I think I got that, shear flow stress was drawn with length varies to indicate the change in intensity along the beam (from center towards the ends). Note the beam was a cut out from W-shape to domonstrate location of stresses and terminology of my understanding.

 

[dhengr]

I’ve watched this thread with some considerable interest, and will have to read the middle 50% of the posts to get back in the shEEr flow of it. That is, to see if I think I still understand it, or maybe not after the additional reading. Seems to be a mighty interesting topic, with several different variations in the ways of explaining it, and some considerable misunderstanding by some of the populous of its meaning and effect. In any case, I am working on a fairly large and complicated steel fabrication, and was finally getting around to starting to design a bunch of the welds, and low and behold I couldn’t find any shear flow. I riffled through my calc. pages and couldn’t find any, I went out to the shop and they didn’t have any in the welding supplies room, checked with our welding suppliers, they don’t have any. Seems there is a world shortage of shear flow, I think it’s all been used up by this thread. Could you guys/gals spare me a few thousand lineal feet of shear flow, so I can get this design done? :- ), I think I know what that symbol means.

 

[trainguy]

Come on dhengr,

Don't you mean "a few kips per lineal foot" of shear flow...

This thread is sheer madness...

tg

 

[dhengr]

trainguy:

I know you are THE trainguy, but are you a real train guy? Somehow connected with railroads and that industry. I have spent a lot of years designing and building railcars, mostly special, heavy duty railcars, but other types too; and doing work on various railcar problems, derailments, running gear and HWAH load handling.

No, I meant what I said. I got an oversupply of kips, some left over from the last job. But, am not sure yet exactly how to allocate them kips to the various welded joints, am working on that right now. But without the shear I don’t know how to get them kips to flow into the joints. Thus, my only need is for lineal feet or inches of shear flow. Will buy them in units of 1000 lbs. too, if the price is right.

 

[trainguy]

dhengr,

I would not have named myself so if it weren't true. I am a structural engineer who first worked 8 yrs designing buildings and then 12 yrs designing rail vehicle structures (passenger coaches/ locomotives & some freight cars).

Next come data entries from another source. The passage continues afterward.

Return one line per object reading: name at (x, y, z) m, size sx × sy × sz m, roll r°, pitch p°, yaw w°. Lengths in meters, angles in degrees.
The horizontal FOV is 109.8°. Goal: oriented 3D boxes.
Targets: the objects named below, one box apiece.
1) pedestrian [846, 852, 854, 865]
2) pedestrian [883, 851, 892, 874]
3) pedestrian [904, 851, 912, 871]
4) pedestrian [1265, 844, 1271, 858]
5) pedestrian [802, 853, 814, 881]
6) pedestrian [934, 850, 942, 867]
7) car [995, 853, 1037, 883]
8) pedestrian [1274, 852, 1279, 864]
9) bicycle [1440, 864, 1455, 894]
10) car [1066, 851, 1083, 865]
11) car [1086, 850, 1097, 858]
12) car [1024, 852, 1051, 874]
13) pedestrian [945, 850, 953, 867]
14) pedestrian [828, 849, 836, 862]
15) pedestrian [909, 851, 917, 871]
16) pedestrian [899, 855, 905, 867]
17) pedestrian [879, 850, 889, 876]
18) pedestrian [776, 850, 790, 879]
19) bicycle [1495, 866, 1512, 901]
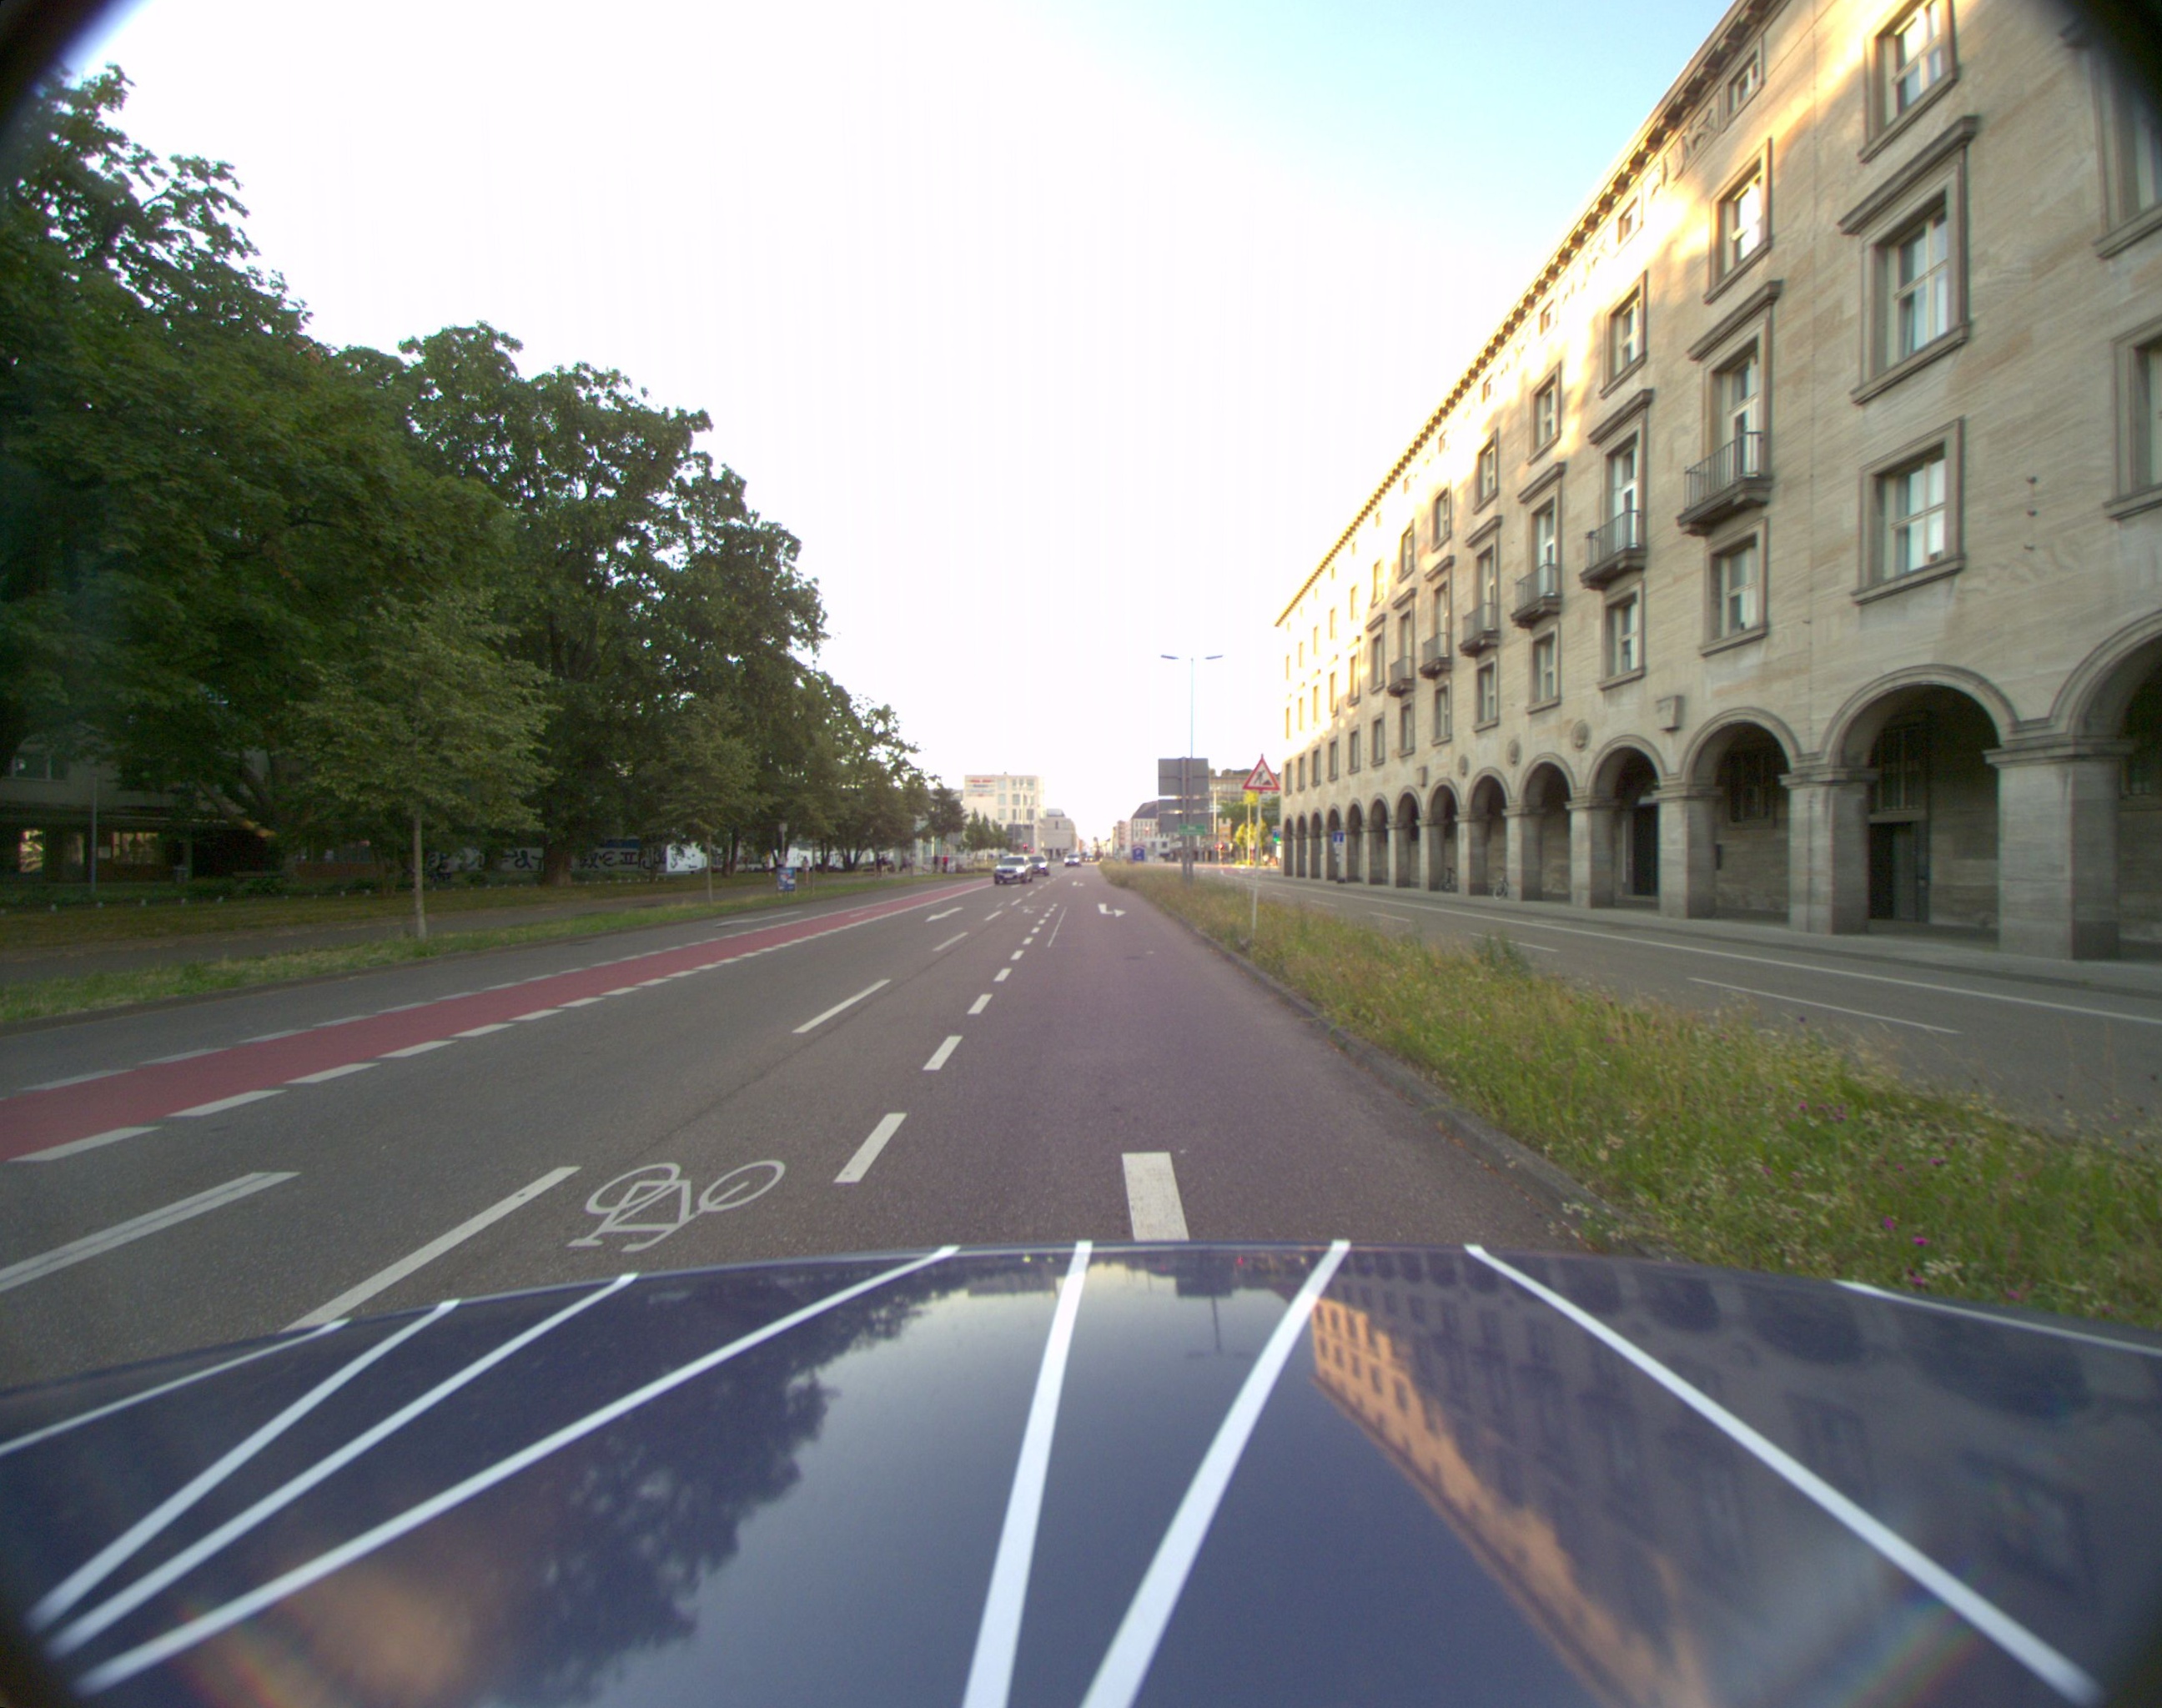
pedestrian at (-24.306, 0.427, 79.794) m, size 0.662 × 1.347 × 0.559 m, roll 0°, pitch 1°, yaw 1°
pedestrian at (-14.920, 0.646, 58.572) m, size 0.509 × 1.720 × 0.719 m, roll 0°, pitch 1°, yaw 1°
pedestrian at (-14.889, 0.580, 65.348) m, size 0.519 × 1.720 × 0.719 m, roll 0°, pitch 1°, yaw 1°
pedestrian at (24.163, -0.380, 98.206) m, size 0.638 × 1.747 × 0.506 m, roll 0°, pitch 1°, yaw 1°
pedestrian at (-15.130, 0.718, 42.132) m, size 0.500 × 1.592 × 0.365 m, roll 0°, pitch 1°, yaw 1°
pedestrian at (-14.615, 0.477, 77.678) m, size 0.638 × 1.747 × 0.506 m, roll 0°, pitch 1°, yaw 1°
car at (-3.781, 0.788, 45.061) m, size 1.826 × 1.612 × 4.337 m, roll -2°, pitch 0°, yaw 3°
pedestrian at (25.218, 0.488, 98.090) m, size 0.526 × 1.532 × 0.390 m, roll 0°, pitch 1°, yaw 1°
bicycle at (15.496, 1.025, 32.147) m, size 0.513 × 1.172 × 2.427 m, roll 0°, pitch 0°, yaw 25°
car at (-0.817, 0.503, 96.275) m, size 1.781 × 1.676 × 4.217 m, roll 0°, pitch 0°, yaw 5°
car at (3.182, -0.134, 222.021) m, size 1.996 × 2.297 × 5.095 m, roll 0°, pitch 0°, yaw 15°
car at (-3.362, 0.688, 59.455) m, size 1.782 × 1.617 × 4.215 m, roll -1°, pitch 0°, yaw 1°
pedestrian at (-13.489, 0.447, 77.655) m, size 0.638 × 1.747 × 0.506 m, roll 0°, pitch 1°, yaw 1°
pedestrian at (-25.823, 0.202, 78.760) m, size 0.631 × 1.347 × 0.681 m, roll 0°, pitch 1°, yaw 1°
pedestrian at (-14.327, 0.588, 64.963) m, size 0.509 × 1.720 × 0.719 m, roll 0°, pitch 1°, yaw 1°
pedestrian at (-19.764, 0.810, 83.755) m, size 0.509 × 1.347 × 0.435 m, roll 0°, pitch 1°, yaw 1°
pedestrian at (-13.230, 0.621, 51.085) m, size 0.558 × 1.729 × 0.555 m, roll 0°, pitch 1°, yaw 1°
pedestrian at (-16.322, 0.574, 41.621) m, size 0.500 × 1.592 × 0.522 m, roll 0°, pitch 1°, yaw 1°
bicycle at (15.300, 1.044, 27.498) m, size 0.513 × 1.115 × 2.427 m, roll 0°, pitch 1°, yaw 30°

For the sake of humanity (or at least the portion tuned in here), I have no further comments on shear flow.

tg

 

[dhengr]

Trainguy:

I was the Chief Engineer at The Maxson Corp. in St. Paul, MN in the 70's; we designed and build special and heavy duty railcars and transport and lifting equip for many of the major railroads and other industrial customers. I started my own consulting business in 1977 and did much of the same design work, and then helped find builders for the equip. We also did a fair amount of work for various transit authorities, mostly work cars and equip. Without knowing it, I suspect you have seen some of our equip. I have worked for or with many of the large railcar builders and been in their shops over the years. Either helping them with a problem on one of their car designs or helping my clients buy lots of cars from them. That business has really changed over the years and seems to a pretty well dried up.